- _TASK TO CARRY OUT_: From the data that follows, print exactly the lines starting at the one containing "Keep it brief." and ending at the one containing "Give a very brief answer. No."; include both of them and nothing more.

- _DATASET EXTRACT_:
----
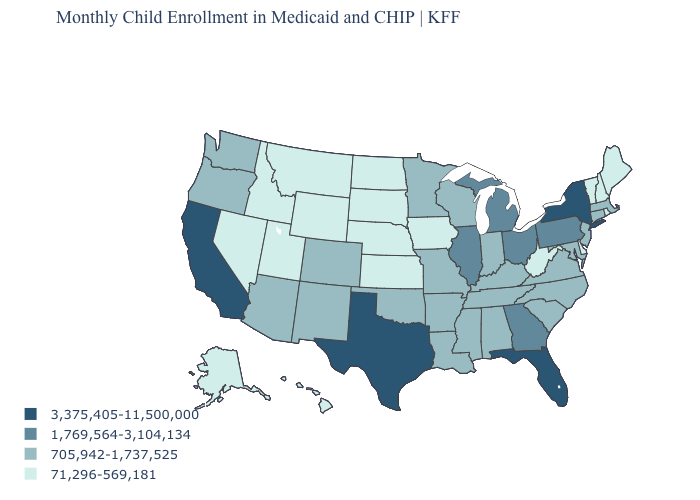What is the lowest value in the Northeast?
Be succinct. 71,296-569,181. What is the value of Idaho?
Be succinct. 71,296-569,181. Name the states that have a value in the range 71,296-569,181?
Give a very brief answer. Alaska, Delaware, Hawaii, Idaho, Iowa, Kansas, Maine, Montana, Nebraska, Nevada, New Hampshire, North Dakota, Rhode Island, South Dakota, Utah, Vermont, West Virginia, Wyoming. Name the states that have a value in the range 71,296-569,181?
Give a very brief answer. Alaska, Delaware, Hawaii, Idaho, Iowa, Kansas, Maine, Montana, Nebraska, Nevada, New Hampshire, North Dakota, Rhode Island, South Dakota, Utah, Vermont, West Virginia, Wyoming. Does the map have missing data?
Answer briefly. No. Name the states that have a value in the range 1,769,564-3,104,134?
Be succinct. Georgia, Illinois, Michigan, Ohio, Pennsylvania. Which states have the lowest value in the Northeast?
Answer briefly. Maine, New Hampshire, Rhode Island, Vermont. Name the states that have a value in the range 3,375,405-11,500,000?
Keep it brief. California, Florida, New York, Texas. Does Colorado have a higher value than Utah?
Answer briefly. Yes. Does South Carolina have a lower value than Texas?
Give a very brief answer. Yes. Does the map have missing data?
Be succinct. No. Name the states that have a value in the range 3,375,405-11,500,000?
Give a very brief answer. California, Florida, New York, Texas. Is the legend a continuous bar?
Give a very brief answer. No. Which states have the lowest value in the MidWest?
Short answer required. Iowa, Kansas, Nebraska, North Dakota, South Dakota. Which states have the lowest value in the South?
Give a very brief answer. Delaware, West Virginia.
----
- _REPLY TO THE TASK_:
Keep it brief. California, Florida, New York, Texas. Does Colorado have a higher value than Utah?
Answer briefly. Yes. Does South Carolina have a lower value than Texas?
Give a very brief answer. Yes. Does the map have missing data?
Be succinct. No. Name the states that have a value in the range 3,375,405-11,500,000?
Give a very brief answer. California, Florida, New York, Texas. Is the legend a continuous bar?
Give a very brief answer. No. Which states have the lowest value in the MidWest?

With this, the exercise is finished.